▶ **Brief**:
With the pictures left out, write every entry down exactly.

▶ **Material shown**:
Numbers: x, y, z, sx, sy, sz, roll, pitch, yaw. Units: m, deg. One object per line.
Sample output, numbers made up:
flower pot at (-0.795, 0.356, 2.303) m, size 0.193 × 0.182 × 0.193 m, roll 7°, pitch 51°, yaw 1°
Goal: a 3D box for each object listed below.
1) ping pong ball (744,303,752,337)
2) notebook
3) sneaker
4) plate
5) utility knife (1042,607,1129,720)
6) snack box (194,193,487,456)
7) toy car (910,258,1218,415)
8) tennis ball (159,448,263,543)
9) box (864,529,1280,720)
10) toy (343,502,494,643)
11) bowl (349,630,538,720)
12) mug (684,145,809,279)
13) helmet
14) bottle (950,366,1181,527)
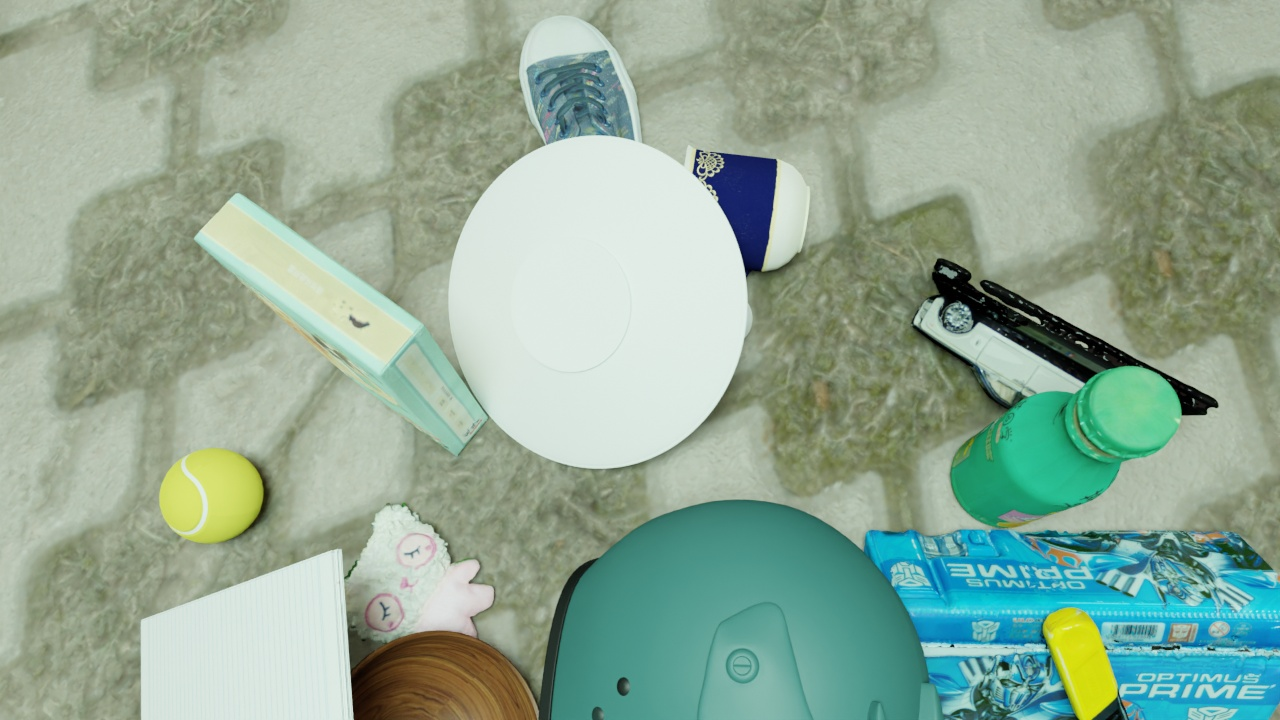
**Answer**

▶ **Answer section**:
Numbers: x, y, z, sx, sy, sz, roll, pitch, yaw. Units: m, deg. One object per line.
Sample output, numbers made up:
flower pot at (-0.795, 0.356, 2.303) m, size 0.193 × 0.182 × 0.193 m, roll 7°, pitch 51°, yaw 1°
Goal: a 3D box for each object listed below.
1) ping pong ball (744,303,752,337)
2) notebook
3) sneaker
4) plate
5) utility knife (1042,607,1129,720)
6) snack box (194,193,487,456)
7) toy car (910,258,1218,415)
8) tennis ball (159,448,263,543)
9) box (864,529,1280,720)
10) toy (343,502,494,643)
11) bowl (349,630,538,720)
12) mug (684,145,809,279)
13) helmet
14) bottle (950,366,1181,527)
**Answer**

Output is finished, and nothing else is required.